Records from a collection
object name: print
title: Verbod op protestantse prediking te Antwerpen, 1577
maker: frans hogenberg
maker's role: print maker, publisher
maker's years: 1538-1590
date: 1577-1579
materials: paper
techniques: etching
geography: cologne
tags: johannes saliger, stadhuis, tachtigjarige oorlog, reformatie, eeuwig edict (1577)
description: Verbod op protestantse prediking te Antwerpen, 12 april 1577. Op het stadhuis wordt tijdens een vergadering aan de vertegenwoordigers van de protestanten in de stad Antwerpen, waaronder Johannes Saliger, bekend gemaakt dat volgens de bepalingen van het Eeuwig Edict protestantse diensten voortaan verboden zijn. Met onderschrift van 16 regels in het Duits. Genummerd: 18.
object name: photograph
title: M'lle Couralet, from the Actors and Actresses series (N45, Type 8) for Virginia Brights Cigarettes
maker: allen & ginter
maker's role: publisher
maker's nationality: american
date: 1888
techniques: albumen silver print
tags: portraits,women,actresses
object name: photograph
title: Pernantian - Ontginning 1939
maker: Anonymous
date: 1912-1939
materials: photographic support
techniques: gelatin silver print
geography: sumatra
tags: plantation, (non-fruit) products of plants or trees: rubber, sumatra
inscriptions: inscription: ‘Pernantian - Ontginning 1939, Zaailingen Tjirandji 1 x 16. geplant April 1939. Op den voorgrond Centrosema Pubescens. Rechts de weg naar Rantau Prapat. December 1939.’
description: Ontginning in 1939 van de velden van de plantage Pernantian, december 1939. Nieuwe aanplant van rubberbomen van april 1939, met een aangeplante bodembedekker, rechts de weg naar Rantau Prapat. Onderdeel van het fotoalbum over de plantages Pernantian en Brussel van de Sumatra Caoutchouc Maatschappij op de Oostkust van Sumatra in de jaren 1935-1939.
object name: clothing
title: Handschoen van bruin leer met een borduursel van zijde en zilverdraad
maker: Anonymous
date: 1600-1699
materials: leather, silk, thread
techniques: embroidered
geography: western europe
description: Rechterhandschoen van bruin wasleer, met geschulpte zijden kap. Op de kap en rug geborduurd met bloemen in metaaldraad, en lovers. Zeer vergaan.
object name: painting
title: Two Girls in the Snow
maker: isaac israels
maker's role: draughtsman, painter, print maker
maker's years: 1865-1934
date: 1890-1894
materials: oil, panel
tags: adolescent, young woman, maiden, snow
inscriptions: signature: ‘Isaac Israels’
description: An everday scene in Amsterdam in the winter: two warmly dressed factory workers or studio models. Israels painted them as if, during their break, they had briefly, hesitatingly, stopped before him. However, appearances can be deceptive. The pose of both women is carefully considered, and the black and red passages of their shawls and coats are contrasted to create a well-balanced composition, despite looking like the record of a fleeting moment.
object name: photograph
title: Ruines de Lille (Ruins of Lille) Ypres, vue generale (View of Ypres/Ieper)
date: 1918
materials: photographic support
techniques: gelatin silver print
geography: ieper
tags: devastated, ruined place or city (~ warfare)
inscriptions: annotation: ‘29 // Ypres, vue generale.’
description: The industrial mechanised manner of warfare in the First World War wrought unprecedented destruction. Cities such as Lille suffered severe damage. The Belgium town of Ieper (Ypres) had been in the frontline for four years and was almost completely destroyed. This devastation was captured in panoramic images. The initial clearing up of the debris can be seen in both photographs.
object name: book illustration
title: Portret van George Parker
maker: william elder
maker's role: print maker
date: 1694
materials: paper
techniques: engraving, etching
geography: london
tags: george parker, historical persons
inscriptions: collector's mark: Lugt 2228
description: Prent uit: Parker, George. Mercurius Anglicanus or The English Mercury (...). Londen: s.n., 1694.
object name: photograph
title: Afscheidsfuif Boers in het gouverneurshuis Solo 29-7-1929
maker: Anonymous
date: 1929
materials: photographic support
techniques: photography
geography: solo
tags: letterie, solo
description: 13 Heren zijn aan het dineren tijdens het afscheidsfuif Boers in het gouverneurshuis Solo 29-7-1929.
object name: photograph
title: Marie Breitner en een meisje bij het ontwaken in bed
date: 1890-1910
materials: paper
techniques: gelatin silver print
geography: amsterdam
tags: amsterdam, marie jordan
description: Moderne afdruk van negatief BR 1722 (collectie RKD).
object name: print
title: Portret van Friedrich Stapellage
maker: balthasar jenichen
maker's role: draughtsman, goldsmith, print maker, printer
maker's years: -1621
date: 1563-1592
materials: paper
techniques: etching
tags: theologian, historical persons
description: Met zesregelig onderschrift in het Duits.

Directions for this task
Starting from the top of the records and ending at the line that contains "geography: cologne", repeat each line exactly and return only those lines.

Exercise result
object name: print
title: Verbod op protestantse prediking te Antwerpen, 1577
maker: frans hogenberg
maker's role: print maker, publisher
maker's years: 1538-1590
date: 1577-1579
materials: paper
techniques: etching
geography: cologne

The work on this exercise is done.